My first calculation begun with quantum states: i expressed conditional entropy like that \begin{equation} \begin{aligned} H(A \mid E = |0\rangle) &= - P(A = |0\rangle \mid E =|0\rangle) \log P((|0\rangle \mid E = |0\rangle)) \\ &- P(A = |1\rangle \mid E = |0\rangle) \log P((A = |1\rangle \mid E = |0\rangle)) \, .\\ \end{aligned} \end{equation} Calculating the probabilities with bayes theorem, i found this entropy to be equal to 0, and the others like that: \begin{equation} \begin{aligned} H(A \mid E = |1\rangle) &= 0 \, ,\\ H(A \mid E = |+\rangle) &= 1 \, ,\\ H(A \mid E = |-\rangle) &= 1 \, . \end{aligned} \end{equation} In this way the final entropy is numerically $$ H(A\mid E) =\frac{1}{2} \, . $$
But then i re-thought it: perhaps i have to consider the probability not of the states, but of the bits results, because the formula i'm using is classical! So i tried evaluating the following: \begin{equation} H(A \mid E) = P(E=0) H(A \mid E = 0) + P(E=1) H(A \mid E = 1) \, . \end{equation} but this leads me to the strange value i linked above, the same value i obtain for the conditional entropy of Alice and Bob, that is $H(A|B)$.

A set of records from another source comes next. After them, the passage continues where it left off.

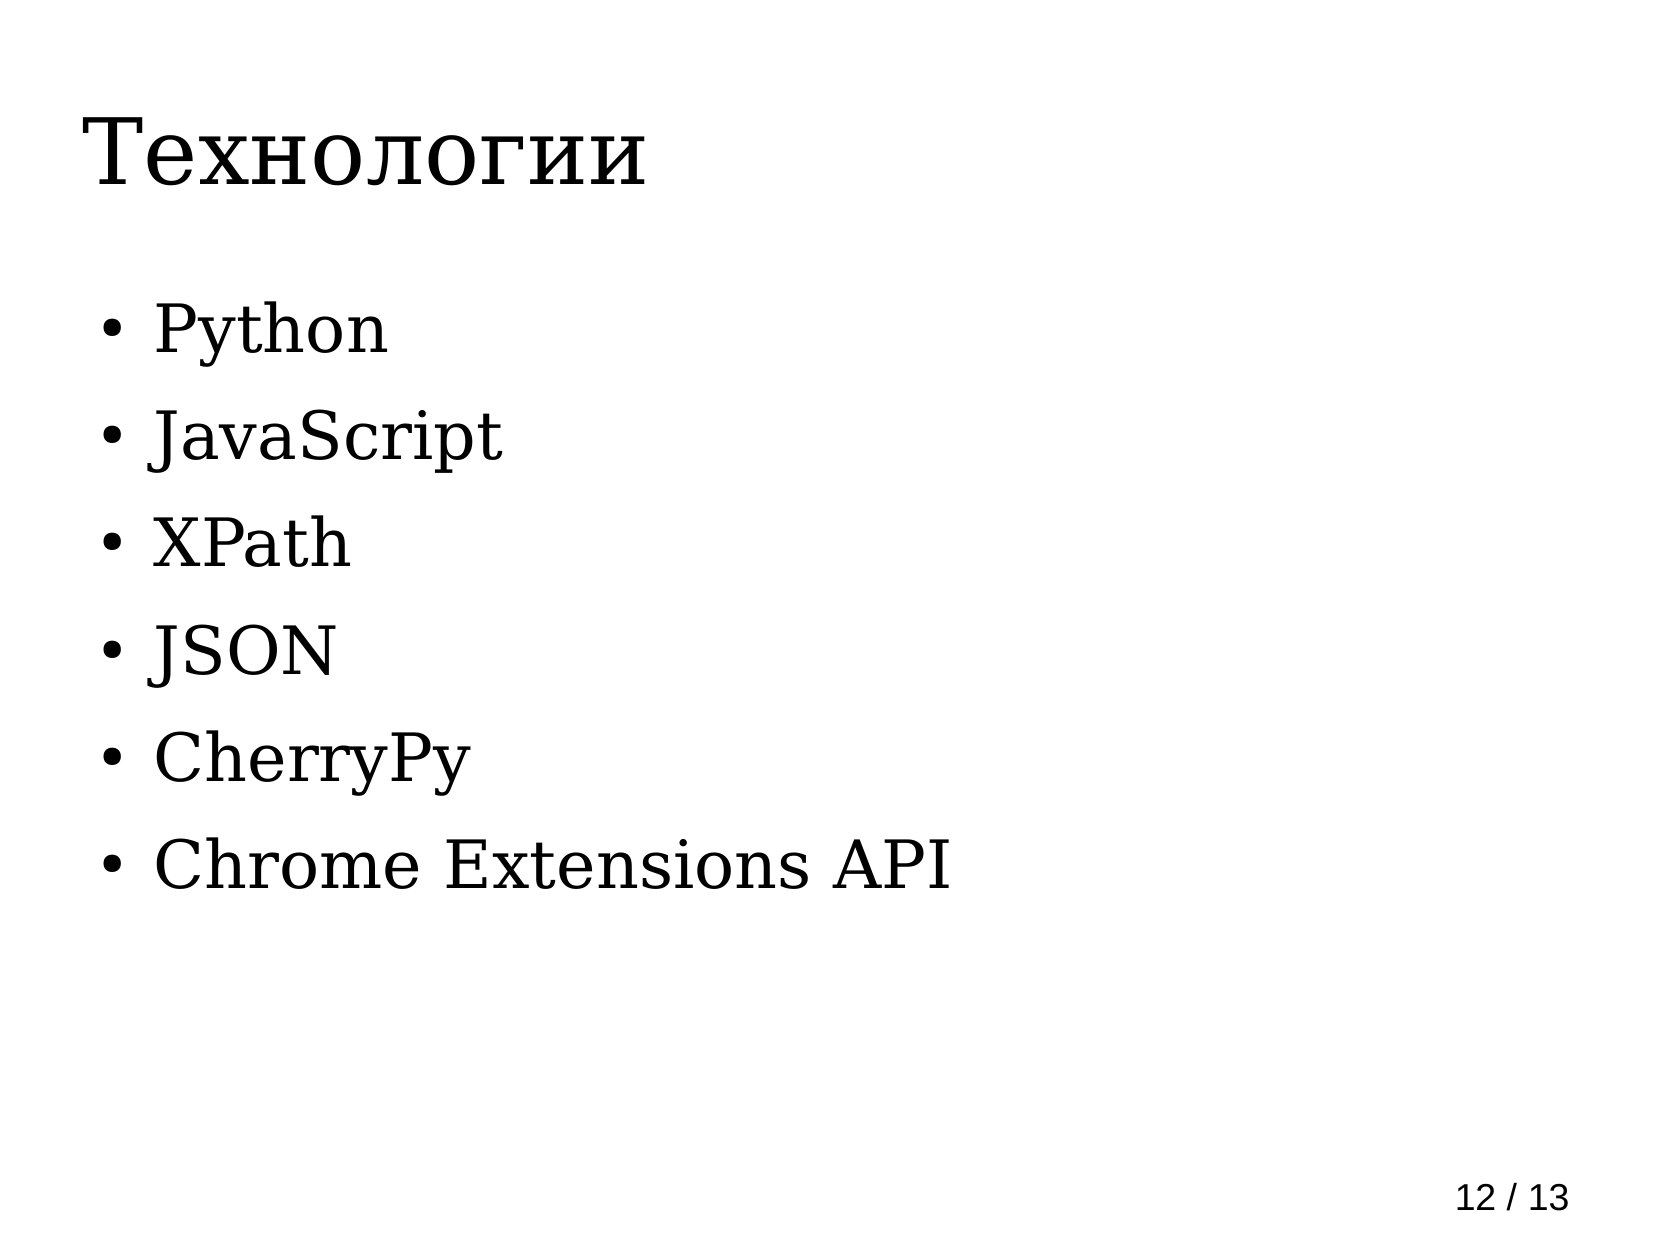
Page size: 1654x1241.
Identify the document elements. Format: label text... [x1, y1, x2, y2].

title Технологии [82, 49, 1571, 257]
text_box <номер> / 13 [1499, 1169, 1654, 1240]
list Python JavaScript XPath JSON CherryPy Chrome Extensions API [82, 290, 1571, 1010]
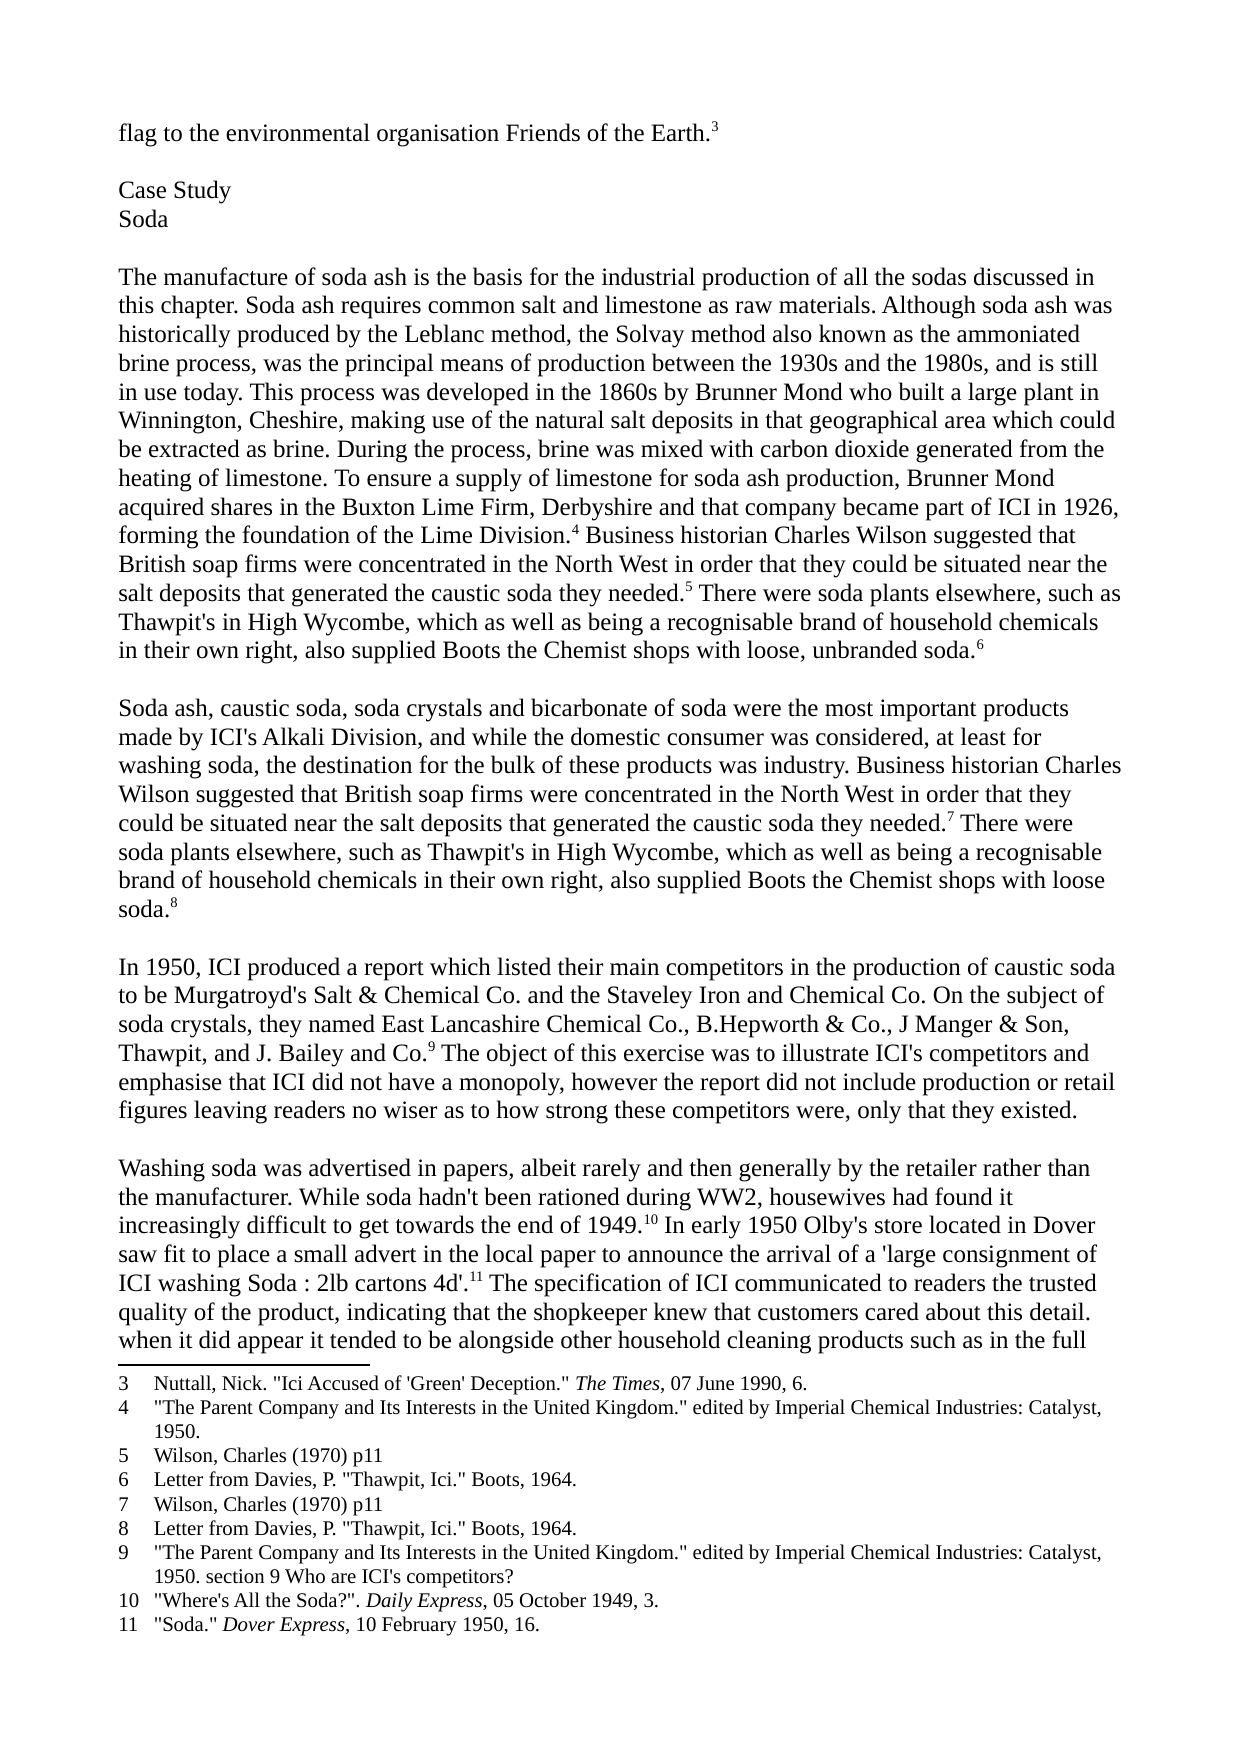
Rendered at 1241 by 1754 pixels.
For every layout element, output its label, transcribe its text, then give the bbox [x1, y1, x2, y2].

text "The Parent Company and Its Interests in the United Kingdom." edited by Imperial Chemical Industries: Catalyst, 1950. section 9 Who are ICI's competitors? [118, 1539, 1122, 1588]
text Soda [118, 204, 1122, 233]
text "The Parent Company and Its Interests in the United Kingdom." edited by Imperial Chemical Industries: Catalyst, 1950. [118, 1395, 1122, 1443]
text "Where's All the Soda?". Daily Express, 05 October 1949, 3. [118, 1588, 1122, 1612]
text flag to the environmental organisation Friends of the Earth. [118, 118, 1122, 147]
text Soda ash, caustic soda, soda crystals and bicarbonate of soda were the most important products made by ICI's Alkali Division, and while the domestic consumer was considered, at least for washing soda, the destination for the bulk of these products was industry. Business historian Charles Wilson suggested that British soap firms were concentrated in the North West in order that they could be situated near the salt deposits that generated the caustic soda they needed. There were soda plants elsewhere, such as Thawpit's in High Wycombe, which as well as being a recognisable brand of household chemicals in their own right, also supplied Boots the Chemist shops with loose soda. [118, 693, 1122, 923]
text Wilson, Charles (1970) p11 [118, 1491, 1122, 1516]
text Washing soda was advertised in papers, albeit rarely and then generally by the retailer rather than the manufacturer. While soda hadn't been rationed during WW2, housewives had found it increasingly difficult to get towards the end of 1949. In early 1950 Olby's store located in Dover saw fit to place a small advert in the local paper to announce the arrival of a 'large consignment of ICI washing Soda : 2lb cartons 4d'. The specification of ICI communicated to readers the trusted quality of the product, indicating that the shopkeeper knew that customers cared about this detail. when it did appear it tended to be alongside other household cleaning products such as in the full [118, 1153, 1122, 1354]
text "Soda." Dover Express, 10 February 1950, 16. [118, 1612, 1122, 1636]
text Case Study [118, 176, 1122, 204]
text The manufacture of soda ash is the basis for the industrial production of all the sodas discussed in this chapter. Soda ash requires common salt and limestone as raw materials. Although soda ash was historically produced by the Leblanc method, the Solvay method also known as the ammoniated brine process, was the principal means of production between the 1930s and the 1980s, and is still in use today. This process was developed in the 1860s by Brunner Mond who built a large plant in Winnington, Cheshire, making use of the natural salt deposits in that geographical area which could be extracted as brine. During the process, brine was mixed with carbon dioxide generated from the heating of limestone. To ensure a supply of limestone for soda ash production, Brunner Mond acquired shares in the Buxton Lime Firm, Derbyshire and that company became part of ICI in 1926, forming the foundation of the Lime Division. Business historian Charles Wilson suggested that British soap firms were concentrated in the North West in order that they could be situated near the salt deposits that generated the caustic soda they needed. There were soda plants elsewhere, such as Thawpit's in High Wycombe, which as well as being a recognisable brand of household chemicals in their own right, also supplied Boots the Chemist shops with loose, unbranded soda. [118, 262, 1122, 664]
text Letter from Davies, P. "Thawpit, Ici." Boots, 1964. [118, 1516, 1122, 1539]
text Wilson, Charles (1970) p11 [118, 1443, 1122, 1467]
text Nuttall, Nick. "Ici Accused of 'Green' Deception." The Times, 07 June 1990, 6. [118, 1371, 1122, 1395]
text Letter from Davies, P. "Thawpit, Ici." Boots, 1964. [118, 1467, 1122, 1491]
text In 1950, ICI produced a report which listed their main competitors in the production of caustic soda to be Murgatroyd's Salt & Chemical Co. and the Staveley Iron and Chemical Co. On the subject of soda crystals, they named East Lancashire Chemical Co., B.Hepworth & Co., J Manger & Son, Thawpit, and J. Bailey and Co. The object of this exercise was to illustrate ICI's competitors and emphasise that ICI did not have a monopoly, however the report did not include production or retail figures leaving readers no wiser as to how strong these competitors were, only that they existed. [118, 952, 1122, 1124]
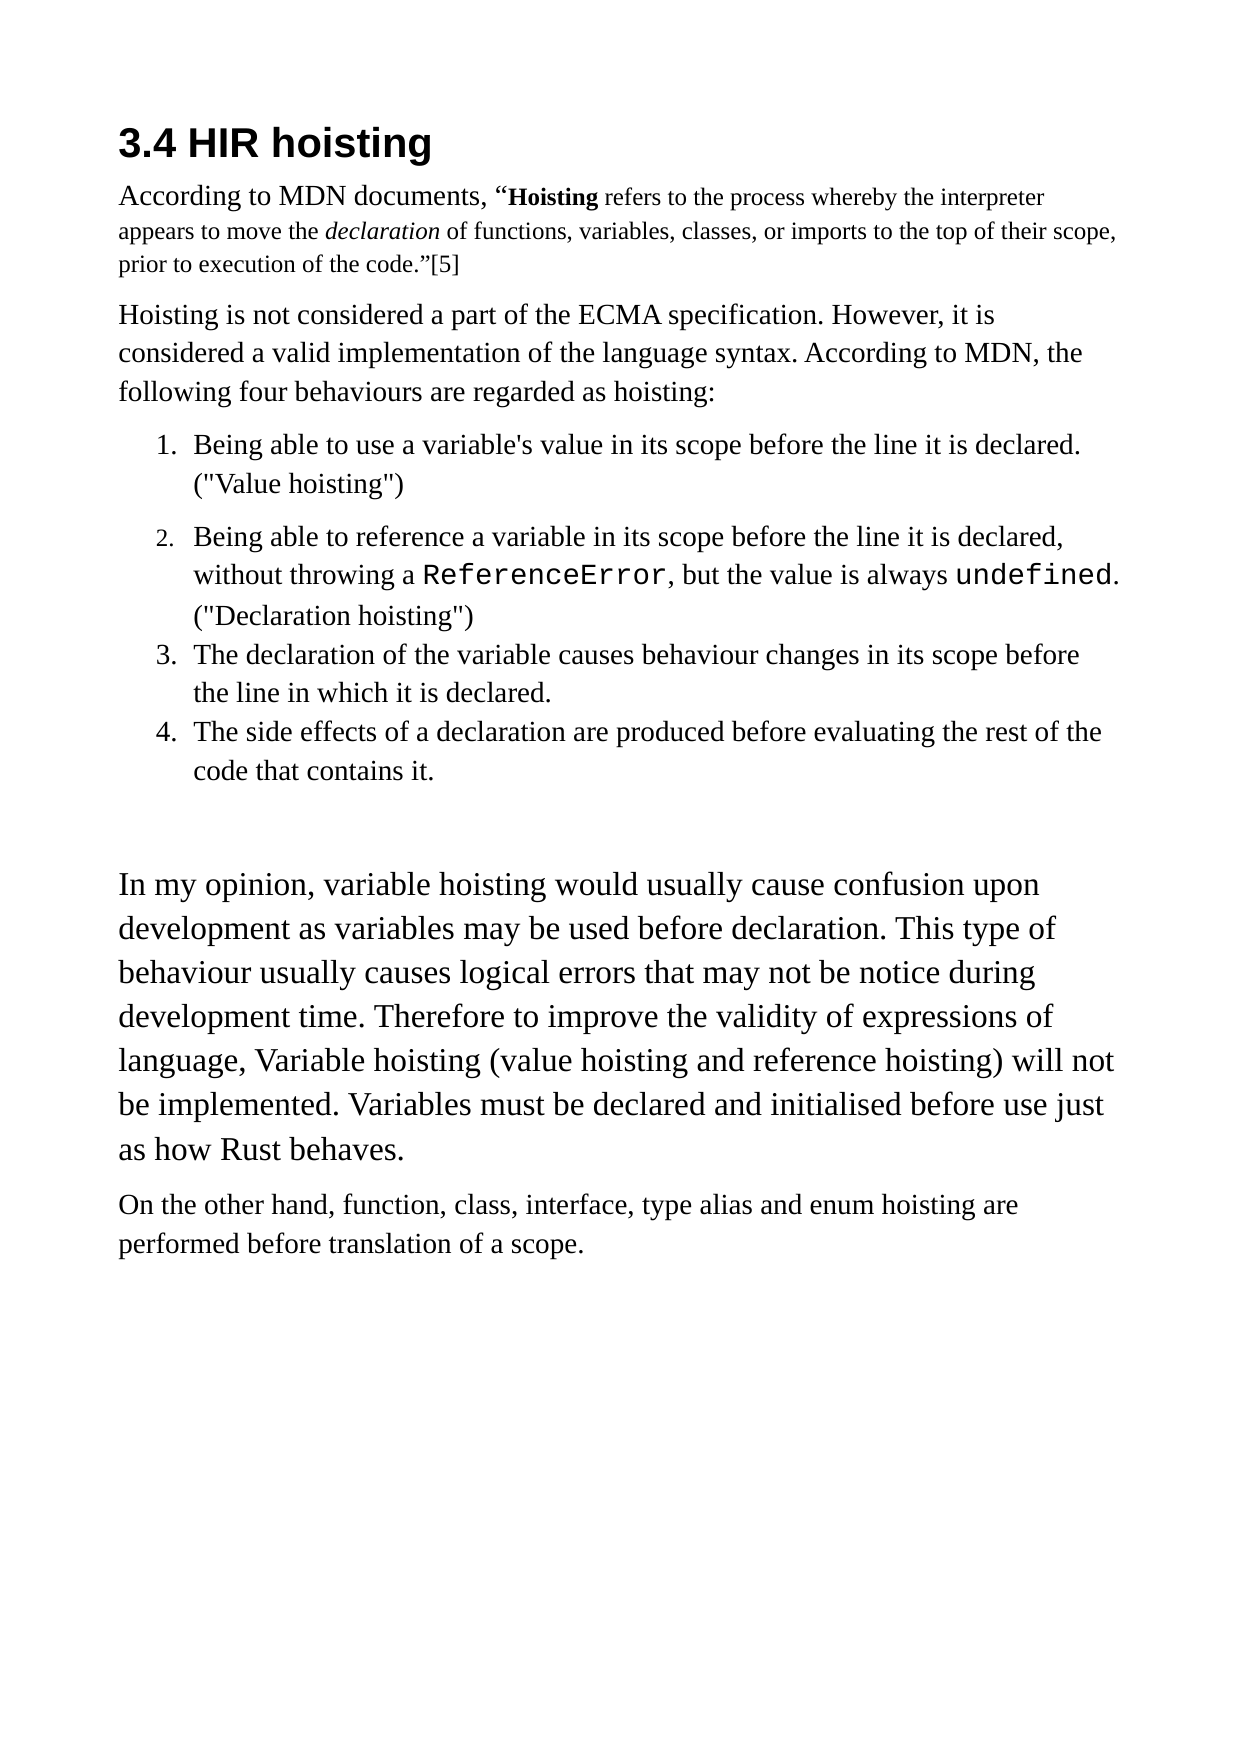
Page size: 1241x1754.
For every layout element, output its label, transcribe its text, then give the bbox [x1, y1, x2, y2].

text On the other hand, function, class, interface, type alias and enum hoisting are performed before translation of a scope. [118, 1187, 1122, 1259]
list Being able to use a variable's value in its scope before the line it is declared. ("Value hoisting") [156, 427, 1122, 499]
text In my opinion, variable hoisting would usually cause confusion upon development as variables may be used before declaration. This type of behaviour usually causes logical errors that may not be notice during development time. Therefore to improve the validity of expressions of language, Variable hoisting (value hoisting and reference hoisting) will not be implemented. Variables must be declared and initialised before use just as how Rust behaves. [118, 864, 1122, 1167]
text Hoisting is not considered a part of the ECMA specification. However, it is considered a valid implementation of the language syntax. According to MDN, the following four behaviours are regarded as hoisting: [118, 297, 1122, 408]
subtitle 3.4 HIR hoisting [118, 118, 1122, 166]
text According to MDN documents, “Hoisting refers to the process whereby the interpreter appears to move the declaration of functions, variables, classes, or imports to the top of their scope, prior to execution of the code.”[5] [118, 178, 1122, 278]
list The declaration of the variable causes behaviour changes in its scope before the line in which it is declared. [156, 637, 1122, 709]
list Being able to reference a variable in its scope before the line it is declared, without throwing a ReferenceError, but the value is always undefined. ("Declaration hoisting") [156, 519, 1122, 632]
list The side effects of a declaration are produced before evaluating the rest of the code that contains it. [156, 714, 1122, 786]

What am i not understanding correctly?
(If you can, give me references)
PS the full calculations for the first method are reported here: \begin{equation} \begin{alignedat}{2} P(E = |0\rangle \mid A = |0\rangle ) &= \frac{1}{2} \, , & \hspace{1in} P(E = |0\rangle \mid A = |1\rangle ) &= 0 \, ,\\ P(E = |1\rangle \mid A = |0\rangle ) &= 0 \, , & P(E = |1\rangle \mid A = |1\rangle ) &= \frac{1}{2} \, , \\ P(E = |+\rangle \mid A = |0\rangle ) &= \frac{1}{4} \, , & P(E = |+\rangle \mid A = |1\rangle ) &=\frac{1}{4} \, ,\\ P(E = |-\rangle \mid A = |0\rangle ) &= \frac{1}{4} \, , & P(E = |-\rangle \mid A = |1\rangle ) &= \frac{1}{4} \, , \\ P(A = |0\rangle) &= \frac{1}{2} \, , & P(A = |1\rangle) &= \frac{1}{2} \, . \\ \end{alignedat} \end{equation} and \begin{equation} \begin{aligned} P(E = |0\rangle) &= P(E = |0\rangle \mid A = |0\rangle ) P(A = |0\rangle) + P(E = |0\rangle \mid A = |1\rangle ) P(A = |1\rangle) \\ &= \frac{1}{2} \cdot \frac{1}{2} + 0 \cdot \frac{1}{2} = \frac{1}{4} \, , \\ P(E = |1\rangle) &= P(E = |1\rangle \mid A = |0\rangle ) P(A = |0\rangle) + P(E = |1\rangle \mid A = |1\rangle ) P(A = |1\rangle) \\ &= 0 \cdot \frac{1}{2} + \frac{1}{2} \cdot \frac{1}{2} = \frac{1}{4} \, , \\ P(E = |+\rangle) &= P(E = |+\rangle \mid A = |0\rangle ) P(A = |0\rangle) + P(E = |+\rangle \mid A = |1\rangle ) P(A = |1\rangle) \\ &= \frac{1}{4} \cdot \frac{1}{2} + \frac{1}{4} \cdot \frac{1}{2} = \frac{1}{4} \, , \\ P(E = |-\rangle) &= P(E = |-\rangle \mid A = |0\rangle ) P(A = |0\rangle) + P(E = |-\rangle \mid A = |1\rangle ) P(A = |1\rangle) \\ &= \frac{1}{4} \cdot \frac{1}{2} + \frac{1}{4} \cdot \frac{1}{2} = \frac{1}{4} \, . \\ \end{aligned} \end{equation} then with bayes \begin{equation} \begin{alignedat}{2} P(A= |0\rangle \mid E = |0\rangle ) &= 1 \, , & \hspace{1in} P(A= |1\rangle \mid E = |0\rangle ) &= 0 \, ,\\ P(A= |0\rangle \mid E = |1\rangle ) &= 0 \, , & \hspace{1in} P(A= |1\rangle \mid E = |1\rangle ) &= 1 \, ,\\ P(A= |0\rangle \mid E = |+\rangle ) &= \frac{1}{2} \, , & \hspace{1in} P(A= |1\rangle \mid E = |+\rangle ) &= \frac{1}{2}\, ,\\ P(A= |0\rangle \mid E = |-\rangle ) &= \frac{1}{2} \, , & \hspace{1in} P(A= |1\rangle \mid E = |-\rangle ) &= \frac{1}{2} \, . \end{alignedat} \end{equation} with all these numbers i have calculated the entropies reported above.